Information Start Marker

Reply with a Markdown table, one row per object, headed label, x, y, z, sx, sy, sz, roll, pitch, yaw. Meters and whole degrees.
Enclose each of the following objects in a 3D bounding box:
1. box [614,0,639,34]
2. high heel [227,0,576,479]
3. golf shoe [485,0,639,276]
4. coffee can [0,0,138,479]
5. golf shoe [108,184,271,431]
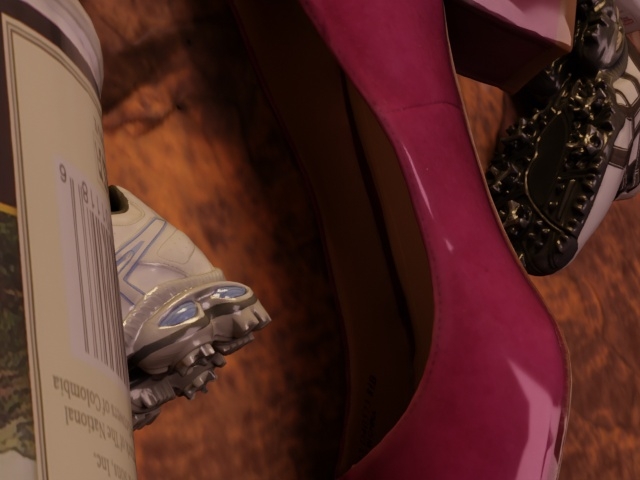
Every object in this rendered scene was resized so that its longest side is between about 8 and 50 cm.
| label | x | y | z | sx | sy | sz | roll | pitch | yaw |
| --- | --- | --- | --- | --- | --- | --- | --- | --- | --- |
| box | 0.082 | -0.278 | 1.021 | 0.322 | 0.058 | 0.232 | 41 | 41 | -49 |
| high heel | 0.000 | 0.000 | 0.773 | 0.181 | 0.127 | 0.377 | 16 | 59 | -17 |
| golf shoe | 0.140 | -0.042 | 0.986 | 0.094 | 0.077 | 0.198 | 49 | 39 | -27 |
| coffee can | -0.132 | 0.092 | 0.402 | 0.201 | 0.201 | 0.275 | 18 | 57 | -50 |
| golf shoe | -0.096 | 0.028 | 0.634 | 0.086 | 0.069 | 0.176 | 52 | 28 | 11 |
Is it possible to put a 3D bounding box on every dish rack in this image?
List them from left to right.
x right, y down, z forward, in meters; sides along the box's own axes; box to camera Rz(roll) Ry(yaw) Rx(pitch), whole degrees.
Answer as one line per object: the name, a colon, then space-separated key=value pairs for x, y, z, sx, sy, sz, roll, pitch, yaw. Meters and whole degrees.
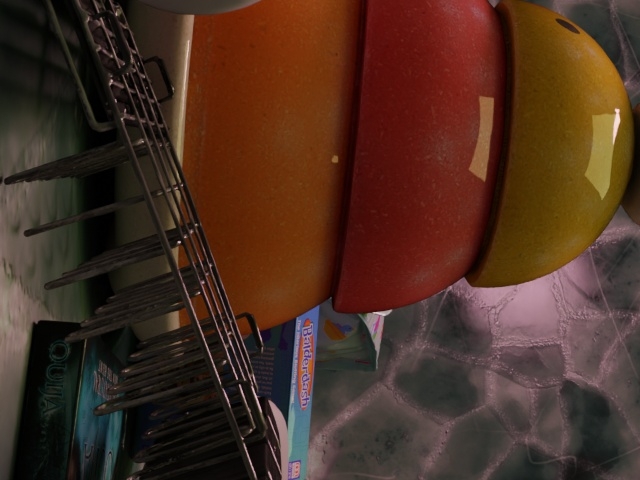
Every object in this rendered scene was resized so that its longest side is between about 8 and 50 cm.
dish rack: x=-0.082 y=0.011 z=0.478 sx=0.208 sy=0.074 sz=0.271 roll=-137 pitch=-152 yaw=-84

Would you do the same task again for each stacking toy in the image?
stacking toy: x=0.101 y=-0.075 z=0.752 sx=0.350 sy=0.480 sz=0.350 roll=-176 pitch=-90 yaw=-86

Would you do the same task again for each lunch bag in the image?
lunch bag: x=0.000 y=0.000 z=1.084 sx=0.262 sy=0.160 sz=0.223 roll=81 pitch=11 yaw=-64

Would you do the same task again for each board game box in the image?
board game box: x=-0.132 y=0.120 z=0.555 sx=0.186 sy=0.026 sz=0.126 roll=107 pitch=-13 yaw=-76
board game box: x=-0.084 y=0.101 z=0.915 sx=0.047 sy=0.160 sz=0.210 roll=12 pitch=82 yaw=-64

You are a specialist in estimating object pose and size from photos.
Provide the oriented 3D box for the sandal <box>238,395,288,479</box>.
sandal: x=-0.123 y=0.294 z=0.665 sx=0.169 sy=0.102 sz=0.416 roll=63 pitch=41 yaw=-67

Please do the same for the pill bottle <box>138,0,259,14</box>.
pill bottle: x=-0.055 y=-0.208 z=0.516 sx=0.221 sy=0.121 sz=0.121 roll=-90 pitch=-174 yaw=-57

Information End Marker
Information Start Marker

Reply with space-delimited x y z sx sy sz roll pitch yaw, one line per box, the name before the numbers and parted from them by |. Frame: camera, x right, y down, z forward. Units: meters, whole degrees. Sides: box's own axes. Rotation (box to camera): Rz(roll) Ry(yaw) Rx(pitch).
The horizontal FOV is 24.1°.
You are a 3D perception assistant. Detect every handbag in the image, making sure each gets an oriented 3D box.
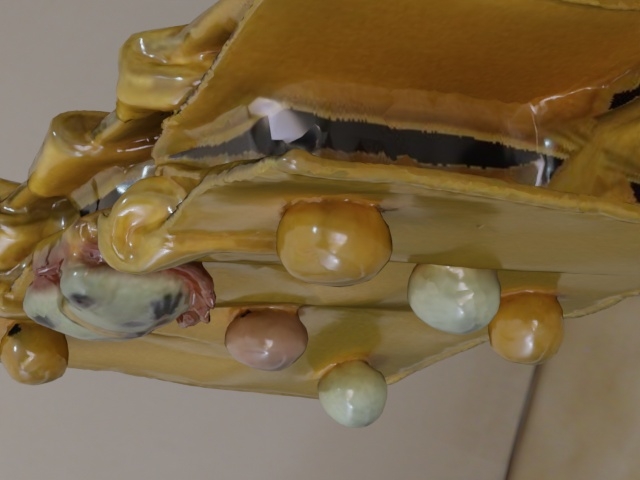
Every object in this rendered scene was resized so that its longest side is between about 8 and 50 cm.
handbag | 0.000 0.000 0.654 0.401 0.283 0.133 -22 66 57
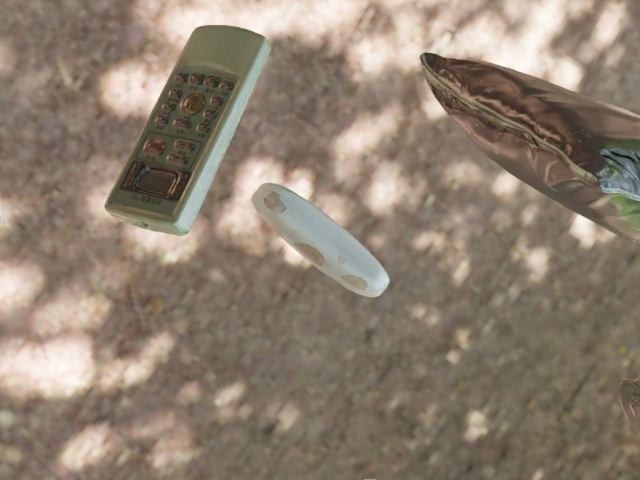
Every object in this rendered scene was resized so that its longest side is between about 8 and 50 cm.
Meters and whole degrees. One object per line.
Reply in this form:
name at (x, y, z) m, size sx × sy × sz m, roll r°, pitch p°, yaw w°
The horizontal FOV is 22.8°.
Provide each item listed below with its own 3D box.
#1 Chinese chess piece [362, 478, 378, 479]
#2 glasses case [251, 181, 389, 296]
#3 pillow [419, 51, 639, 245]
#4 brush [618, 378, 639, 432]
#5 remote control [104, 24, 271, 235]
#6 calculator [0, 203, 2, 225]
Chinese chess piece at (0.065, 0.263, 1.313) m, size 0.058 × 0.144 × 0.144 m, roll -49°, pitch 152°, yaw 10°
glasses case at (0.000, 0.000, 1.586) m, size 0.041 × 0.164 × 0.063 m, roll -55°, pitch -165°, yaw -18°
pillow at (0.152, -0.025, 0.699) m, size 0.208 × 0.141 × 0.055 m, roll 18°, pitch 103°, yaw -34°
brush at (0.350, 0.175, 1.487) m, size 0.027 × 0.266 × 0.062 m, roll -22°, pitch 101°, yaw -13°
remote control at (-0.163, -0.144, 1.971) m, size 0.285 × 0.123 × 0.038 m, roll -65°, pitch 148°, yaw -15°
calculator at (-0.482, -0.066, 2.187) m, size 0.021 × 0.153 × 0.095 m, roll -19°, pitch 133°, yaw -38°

Information End Marker

The task :: Each line above from the one with "#1 Chinese chess piece [362, 478, 378, 479]" up to and including the one with "#5 remote control [104, 24, 271, 235]" must be set down exactly, and no line outside that span may appear.

Expected answer ::
#1 Chinese chess piece [362, 478, 378, 479]
#2 glasses case [251, 181, 389, 296]
#3 pillow [419, 51, 639, 245]
#4 brush [618, 378, 639, 432]
#5 remote control [104, 24, 271, 235]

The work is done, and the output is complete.